Black Americans offered fewer knee replacements, affecting quality of life — 10 insights

Black patients with knee osteoarthritis are offered knee replacement surgery at lower rates than white patients in the U.S., leading to losses in quality-adjusted life years, suggests a study in Arthritis Care & Research. Here are 10 insights from Reuters:

1. Researchers based their findings on current estimated rates of knee replacement surgery and a computer simulation of the procedure.

2. The study predicts quality-adjusted life years, which are a measure of functional ability and its impact on overall quality of life that takes life expectancy into account.

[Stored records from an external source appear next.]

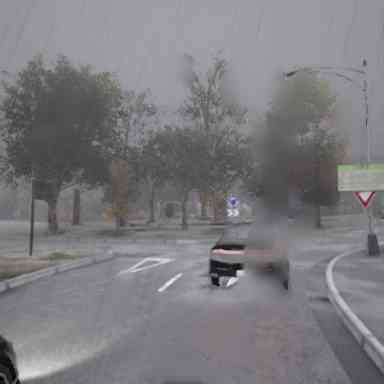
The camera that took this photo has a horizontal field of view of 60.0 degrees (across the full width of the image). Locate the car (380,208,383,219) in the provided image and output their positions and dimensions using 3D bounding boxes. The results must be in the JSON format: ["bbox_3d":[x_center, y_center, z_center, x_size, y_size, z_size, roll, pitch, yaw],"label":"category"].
[{"bbox_3d":[23.273,2.410,39.028,1.812,1.442,4.674,-2,-3,26],"label":"car"}]

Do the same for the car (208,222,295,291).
[{"bbox_3d":[1.787,1.602,9.345,2.128,1.511,4.902,-1,-3,17],"label":"car"}]

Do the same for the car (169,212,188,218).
[{"bbox_3d":[-4.478,6.773,93.167,4.892,1.521,2.231,0,-5,-11],"label":"car"}]

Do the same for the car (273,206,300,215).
[{"bbox_3d":[18.268,3.649,63.245,5.566,2.045,2.150,-3,-6,40],"label":"car"}]

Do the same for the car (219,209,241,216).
[{"bbox_3d":[7.320,4.161,66.663,4.902,1.511,2.128,-3,-5,18],"label":"car"}]

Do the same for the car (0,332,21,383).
[{"bbox_3d":[-2.855,1.572,1.795,1.994,1.385,4.181,0,0,3],"label":"car"}]

3. Researchers estimated about 23 percent of white patients and 12 percent of black patients in the U.S. would be offered total knee replacement surgery.

4. Researchers estimated 83 percent of white men and 78 percent of white women would have the procedure when it was offered, compared to 59 percent of black men and 64 percent of black women.

5. The probabilities of complications — such as heart attacks, pneumonia, pulmonary artery blockages or death in the first year after surgery — were factored into the quality-adjusted life years estimates.

6. Based on those rates, researchers calculated the U.S. black population gains 64,100 quality-adjusted life years from total knee replacement surgery, but it could be gaining more.

7. Black men and women would gain an additional 72,000 quality-adjusted life years if they were to experience the same offer rates and complication rates as white patients. Researchers consider these 72,000 years a loss because they are unrealized.

8. When the numbers are broken down, the procedure results in 4.8 quality-adjusted life years gained per 100 black men, compared to 12.6 per 100 white men.

9. White women gain nearly twice as many quality-adjusted life years per 100 women (15.7) as black women do (8.2).

10. The study doesn't address why there are racial disparities in offer and surgery acceptance rates or account for a broad scope of patient preferences. It is not a controlled experiment, and the computer simulation may not reflect the outcomes for real-life populations.